Alright, I'm just squeezing in under the wire on this one! It's technically still Friday where I live, so we can so this!
I'm thankful for: So very much right now. I was sent an e-mail that had a video of kids that had to go down a rickety zip line to go to school every day. Go HERE to see the video, I don't know how to put video on my blog, sorry! But after seeing that, I feel so very blessed to live the life of true monetary luxury that I do. I may not have a lot compared to most Americans, but I am incredibly wealthy compared to millions of people in the world.
Listening to: Nothing. And it's beautiful.
Looking forward to: This weekend is going to be great! Filled with Christmas lights and experiences, I cannot wait to see the expressions on my children's faces when they see everything there is to see this weekend. Childhood rocks.
I am needing or wanting: A day free of pee. That's about it!
Missing: Well, after Ben's admission to the location of his Secret Stash that is guarded by a monster, I am still missing my tennis shoe. Oh, and I somehow lost a box of baby clothes that had all the cutest stuff in it, it had the twins' matching and co-ordinating outfits and I loved them. Poor Drew is missing out on a lot of adorable clothes, and I'm afraid I am going to have to buy him some, which is pretty ridiculous, if you ask me.
Quote of the Week: OK, I'm probably not supposed to blog this. However, my hubby says that sometimes, it's easier to ask forgiveness than permission, so I'm going with that. Now, remember as you are reading this that we joke around a lot. We truly have fun with each other, so don't take this event the wrong way, OK?

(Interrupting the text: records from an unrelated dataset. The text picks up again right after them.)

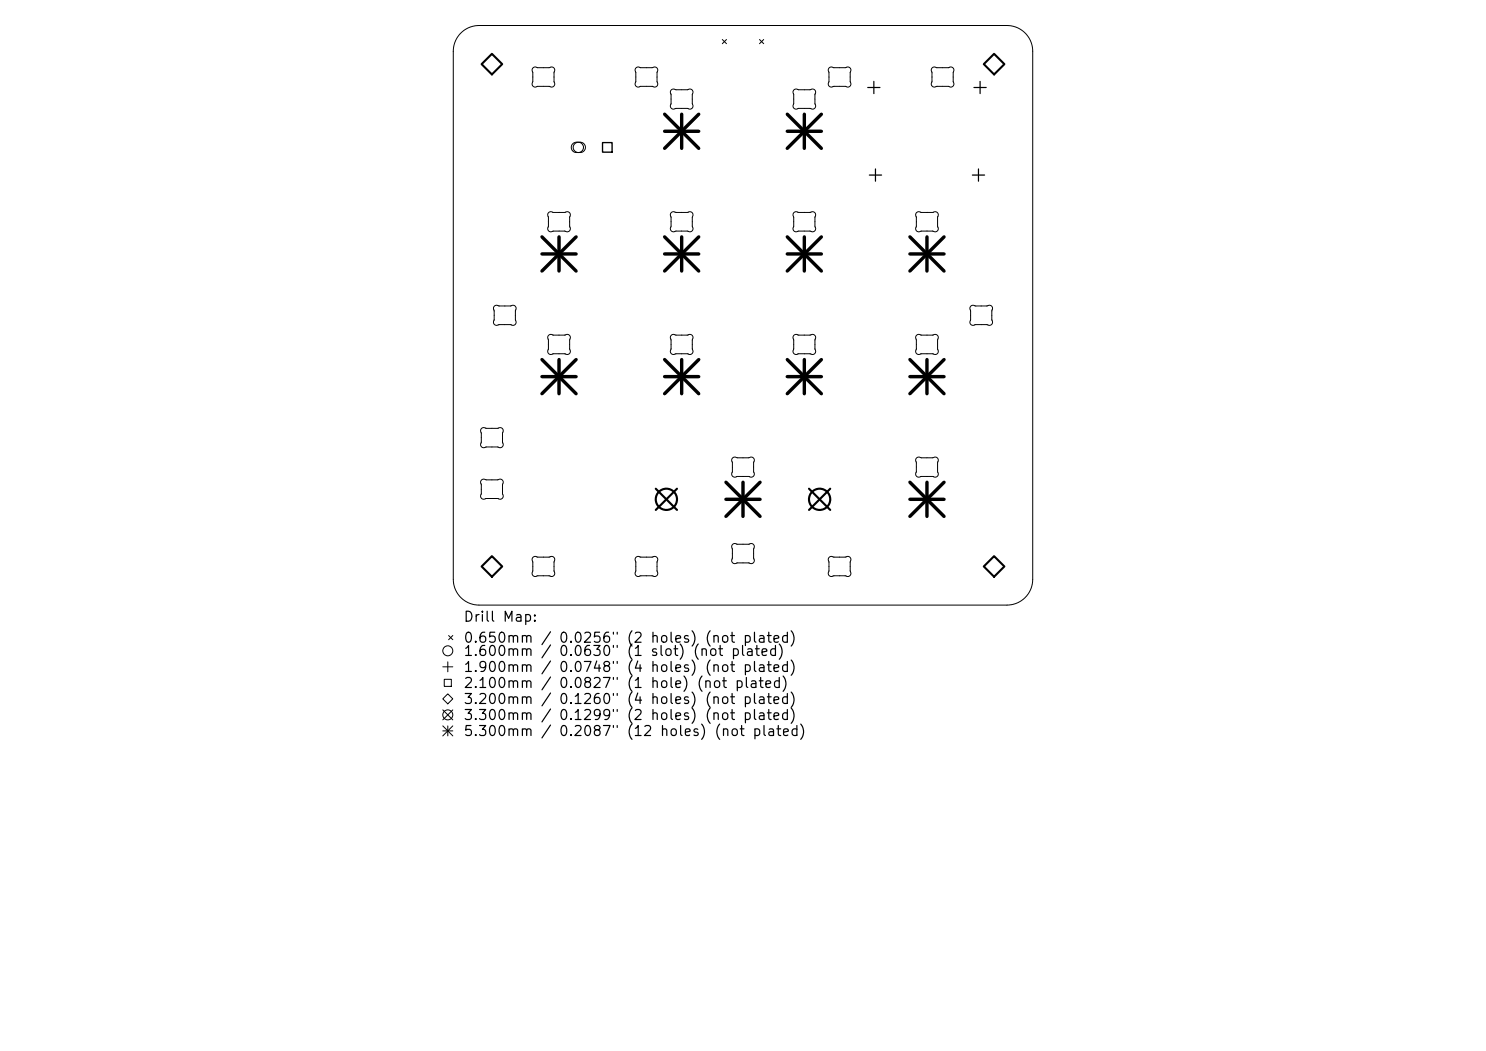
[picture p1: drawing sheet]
<svg xmlns="http://www.w3.org/2000/svg" width="297mm" height="210mm" viewBox="0 0 297 210" stroke-linecap="round" stroke-linejoin="round" font-family="sans-serif">
<defs><g id="words">
<g font-size="2">
<text x="92.5" y="124.7">Drill Map:</text>
<text x="92.5" y="128.9">0.650mm / 0.0256&quot; (2 holes) (not plated)</text>
<text x="92.5" y="131.6">1.600mm / 0.0630&quot; (1 slot) (not plated)</text>
<text x="92.5" y="134.8">1.900mm / 0.0748&quot; (4 holes) (not plated)</text>
<text x="92.5" y="138">2.100mm / 0.0827&quot; (1 hole) (not plated)</text>
<text x="92.5" y="141.2">3.200mm / 0.1260&quot; (4 holes) (not plated)</text>
<text x="92.5" y="144.4">3.300mm / 0.1299&quot; (2 holes) (not plated)</text>
<text x="92.5" y="147.6">5.300mm / 0.2087&quot; (12 holes) (not plated)</text>
</g>
</g></defs>
<g fill="none" stroke="#000" stroke-width=".2">
<path d="M92.1 6.6a5.1 5.1 0 0 1 3.6-1.5h105.6a5.1 5.1 0 0 1 5.1 5.1v105.6a5.1 5.1 0 0 1-5.1 5.1h-105.6a5.1 5.1 0 0 1-5.1-5.1v-105.6a5.1 5.1 0 0 1 1.5-3.6zM106.5 13.6l.5-.2 .5 .1h2.2l.6-.1 .4 .1 .2 .5-.2 .5v1.8l.2 .5-.2 .4-.5 .2-.5-.1h-2.2l-.5 .1-.4-.2-.3-.4 .2-.5v-1.8l-.2-.5zM127.1 13.6l.5-.2 .5 .1h2.2l.6-.1 .4 .1 .2 .5-.2 .5v1.8l.2 .5-.2 .4-.5 .2-.5-.1h-2.2l-.6 .1-.4-.2-.2-.4 .2-.5v-1.8l-.2-.5zM134.2 18l.4-.2 .5 .1h2.3l.5-.1 .4 .1 .2 .5-.1 .5v1.8l.1 .5-.1 .4-.5 .2-.5-.1h-2.3l-.5 .1-.4-.1-.2-.5 .1-.5v-1.8l-.1-.5zM144.4 7.9l.8 .8M145.2 7.9l-.8 .8M151.8 7.9l.8 .8M152.6 7.9l-.8 .8M158.7 18l.4-.2 .5 .1h2.3l.5-.1 .4 .1 .2 .5-.1 .5v1.8l.1 .5-.1 .4-.5 .2-.5-.1h-2.3l-.5 .1-.4-.1-.2-.5 .1-.5v-1.8l-.1-.5zM165.7 13.6l.5-.2 .5 .1h2.2l.6-.1 .4 .1 .2 .5-.2 .5v1.8l.2 .5-.2 .4-.5 .2-.5-.1h-2.2l-.6 .1-.4-.2-.2-.4 .2-.5v-1.8l-.2-.5zM186.3 13.6l.5-.2 .5 .1h2.2l.5-.1 .4 .1 .3 .5-.2 .5v1.8l.2 .5-.2 .4-.5 .2-.5-.1h-2.2l-.6 .1-.4-.2-.2-.4 .2-.5v-1.8l-.2-.5zM114.5 28.7l.5-.3h1a1.03 1.03 0 0 1 1 1 1.03 1.03 0 0 1-1 1.1h-.8a1.03 1.03 0 0 1-.9-.7 1.03 1.03 0 0 1 .2-1.1z"/>
<path d="M109.7 42.5l.4-.2 .5 .1h2.3l.5-.1 .4 .2 .2 .4-.1 .5v1.8l.1 .5-.2 .4-.4 .2-.5-.1h-2.3l-.5 .1-.4-.1-.2-.5 .1-.5v-1.8l-.1-.5zM134.2 42.5l.4-.2 .5 .1h2.3l.5-.1 .4 .2 .2 .4-.1 .5v1.8l.1 .5-.1 .4-.5 .2-.5-.1h-2.3l-.5 .1-.4-.1-.2-.5 .1-.5v-1.8l-.1-.5zM158.7 42.5l.4-.2 .5 .1h2.3l.5-.1 .4 .2 .2 .4-.1 .5v1.8l.1 .5-.1 .4-.5 .2-.5-.1h-2.3l-.5 .1-.4-.1-.2-.5 .1-.5v-1.8l-.1-.5zM183.2 42.5l.4-.2 .5 .1h2.3l.5-.1 .4 .2 .2 .4-.1 .5v1.8l.1 .5-.1 .4-.5 .2-.5-.1h-2.3l-.5 .1-.4-.1-.2-.5 .2-.5-.1-1.8-.1-.5zM98.8 61.2l.5-.2 .5 .1h2.2l.5-.1 .4 .1 .3 .5-.2 .5v1.8l.2 .5-.2 .4-.5 .2-.5-.1h-2.2l-.6 .1-.4-.1-.2-.5 .2-.5v-1.8l-.2-.5zM109.7 67l.4-.2 .5 .2h2.3l.5-.2 .4 .2 .2 .5-.1 .4v1.8l.1 .5-.2 .4-.4 .2-.5-.1h-2.3l-.5 .1-.4-.1-.2-.5 .1-.5v-1.8l-.1-.5zM134.2 67l.4-.2 .5 .2h2.3l.5-.2 .4 .2 .2 .5-.1 .5v1.7l.1 .5-.1 .4-.5 .2-.5-.1h-2.3l-.5 .1-.4-.1-.2-.5 .1-.5v-1.8l-.1-.5zM158.7 67l.4-.2 .5 .2h2.3l.5-.2 .4 .2 .2 .5-.1 .4v1.8l.1 .5-.1 .4-.5 .2-.5-.1h-2.3l-.5 .1-.4-.1-.2-.5 .1-.5v-1.8l-.1-.5zM183.2 67l.4-.2 .5 .2h2.3l.5-.2 .4 .2 .2 .5-.1 .5v1.7l.1 .5-.1 .4-.5 .2-.5-.1h-2.3l-.5 .1-.4-.1-.2-.5 .2-.5-.1-1.8-.1-.5zM194 61.2l.5-.2 .5 .1h2.2l.6-.1 .4 .1 .2 .5-.2 .5v1.8l.2 .5-.2 .4-.5 .2-.5-.1h-2.2l-.5 .1-.4-.1-.3-.5 .2-.5v-1.8l-.2-.5zM96.2 85.6l.5-.2 .5 .2h2.2l.6-.2 .4 .2 .2 .5-.2 .5v1.7l.2 .6-.2 .4-.5 .2-.5-.2h-2.2l-.5 .2-.4-.2-.2-.5 .1-.5v-1.8l-.1-.5zM96.2 95.9l.5-.2 .5 .2h2.2l.6-.2 .4 .2 .2 .5-.2 .5v1.7l.2 .5-.2 .4-.5 .3-.5-.2h-2.2l-.5 .2-.4-.2-.2-.5 .1-.5v-1.8l-.1-.5z"/>
<path d="M146.4 91.5l.5-.2 .5 .2h2.2l.6-.2 .4 .2 .2 .5-.2 .5v1.7l.2 .5-.2 .4-.5 .2-.5-.1h-2.3l-.5 .1-.4-.1-.2-.5 .2-.5v-1.8l-.2-.5zM183.2 91.5l.4-.2 .5 .2h2.3l.5-.2 .4 .2 .2 .5-.1 .5v1.7l.1 .5-.1 .4-.5 .2-.5-.1h-2.3l-.5 .1-.4-.1-.2-.5 .2-.5-.1-1.8-.1-.5zM106.5 111.3l.5-.1 .5 .1h2.3l.5-.1 .4 .1 .2 .5-.2 .5v1.8l.2 .5-.2 .4-.5 .2-.5-.2h-2.2l-.5 .2-.4-.2-.3-.4 .2-.5v-1.8l-.2-.5zM127.1 111.3l.5-.1 .5 .1h2.3l.5-.1 .4 .1 .2 .5-.2 .5v1.8l.2 .5-.2 .4-.5 .2-.5-.2h-2.2l-.6 .2-.4-.2-.2-.4 .2-.5v-1.8l-.2-.5zM146.4 108.8l.5-.2 .5 .2h2.2l.6-.2 .4 .2 .2 .4-.2 .5v1.8l.2 .5-.2 .4-.5 .2-.5-.1h-2.2l-.6 .1-.4-.1-.2-.5 .2-.5v-1.8l-.2-.5zM165.7 111.3l.5-.1 .5 .1h2.3l.5-.1 .4 .1 .2 .5-.2 .5v1.8l.2 .5-.2 .4-.5 .2-.5-.2h-2.2l-.6 .2-.4-.2-.2-.4 .2-.5v-1.8l-.2-.5zM88.5 139.6l1-1 1 1-1 1zM88.5 133.2h2M88.8 135.7h1.4v1.5h-1.4zM89.5 132.2v2M89.7 127l.8 .8M90.5 127l-.8 .8"/>
<path d="M88.5 141.8l2 2M88.5 145l2 2M88.5 146h2M89.5 145v2M90.5 141.8l-2 2M90.5 145l-2 2"/>
<circle cx="89.5" cy="130" r="1"/>
<circle cx="89.5" cy="142.8" r="1"/>
</g>
<circle cx="115.6" cy="29.4" r="1.03" fill="none" stroke="#000" stroke-width=".21"/>
<path d="M173.4 17.5h2.5M174.7 16.3v2.4M194.7 17.5h2.4M195.9 16.3v2.4M173.8 35h2.4M175 33.8v2.4M194.3 35h2.5M195.6 33.8v2.4" fill="none" stroke="#000" stroke-width=".24"/>
<path d="M120.4 28.5h1.9v1.9h-1.9z" fill="none" stroke="#000" stroke-width=".27"/>
<path d="M96.3 12.8l2-2 2.1 2-2.1 2.1zM196.6 12.8l2.1-2 2 2-2 2.1zM96.3 113.2l2-2.1 2.1 2.1-2.1 2zM196.6 113.2l2.1-2.1 2 2.1-2 2z" fill="none" stroke="#000" stroke-width=".41"/>
<g fill="none" stroke="#000" stroke-width=".42">
<path d="M131.1 97.6l4.2 4.3M135.3 97.6l-4.2 4.3M161.7 97.6l4.2 4.3M165.9 97.6l-4.2 4.3"/>
<circle cx="133.2" cy="99.8" r="2.12"/>
<circle cx="163.8" cy="99.8" r="2.12"/>
</g>
<g fill="none" stroke="#000" stroke-width=".68">
<path d="M132.8 22.8l6.9 6.8M132.8 26.2h6.9M136.2 22.8v6.8M139.7 22.8l-6.9 6.8M157.3 26.2h6.9M157.3 22.8l6.9 6.8M160.8 22.8v6.8M164.2 22.8l-6.9 6.8M108.3 47.3l6.8 6.9M108.3 50.7h6.8M111.7 47.3v6.9M115.1 47.3l-6.8 6.9"/>
<path d="M132.8 50.7h6.9M132.8 47.3l6.9 6.9M136.2 47.3v6.9M139.7 47.3l-6.9 6.9M157.3 50.7h6.9M157.3 47.3l6.9 6.9M160.8 47.3v6.9M164.2 47.3l-6.9 6.9M181.9 50.7h6.8M181.9 47.3l6.8 6.9M185.3 47.3v6.9M188.7 47.3l-6.8 6.9"/>
<path d="M108.3 71.8l6.8 6.9M108.3 75.3h6.8M111.7 71.8v6.9M115.1 71.8l-6.8 6.9M132.8 75.3h6.9M132.8 71.8l6.9 6.9M136.2 71.8v6.9M139.7 71.8l-6.9 6.9M157.3 75.3h6.9M157.3 71.8l6.9 6.9M160.8 71.8v6.9M164.2 71.8l-6.9 6.9"/>
<path d="M181.9 75.3h6.8M181.9 71.8l6.8 6.9M185.3 71.8v6.9M188.7 71.8l-6.8 6.9M145.1 96.4l6.8 6.8M145.1 99.8h6.8M148.5 96.4v6.8M151.9 96.4l-6.8 6.8M181.9 99.8h6.8M181.9 96.4l6.8 6.8M185.3 96.4v6.8M188.7 96.4l-6.8 6.8"/>
</g>
<use href="#words"/>
</svg>

Earlier this week, he was washing dishes and slapped my bum with a wet hand. Now, I hate being slapped with a wet hand, the wetness stays in your jeans and makes you feel wet and cold for a long time. I have told him this before, but he wasn't in a listening mood, I guess. I explained to him yet again that I didn't like being wet, he responded with something sarcastic, like, "Who doesn't like to be wet?" For some reason, he did not notice that I was drinking a big glass of water.
So I threw the glass of water on him. Makes sense, don'cha think?
Anyway, he was not to pleased with my reaction, (although I have no idea why not,) and made several wonderful comments, one being, "I kinda wish my wife would drink more. Then she would think I was funny instead of throwing water at me."
Good point there. You know there would be no way I would waste wine...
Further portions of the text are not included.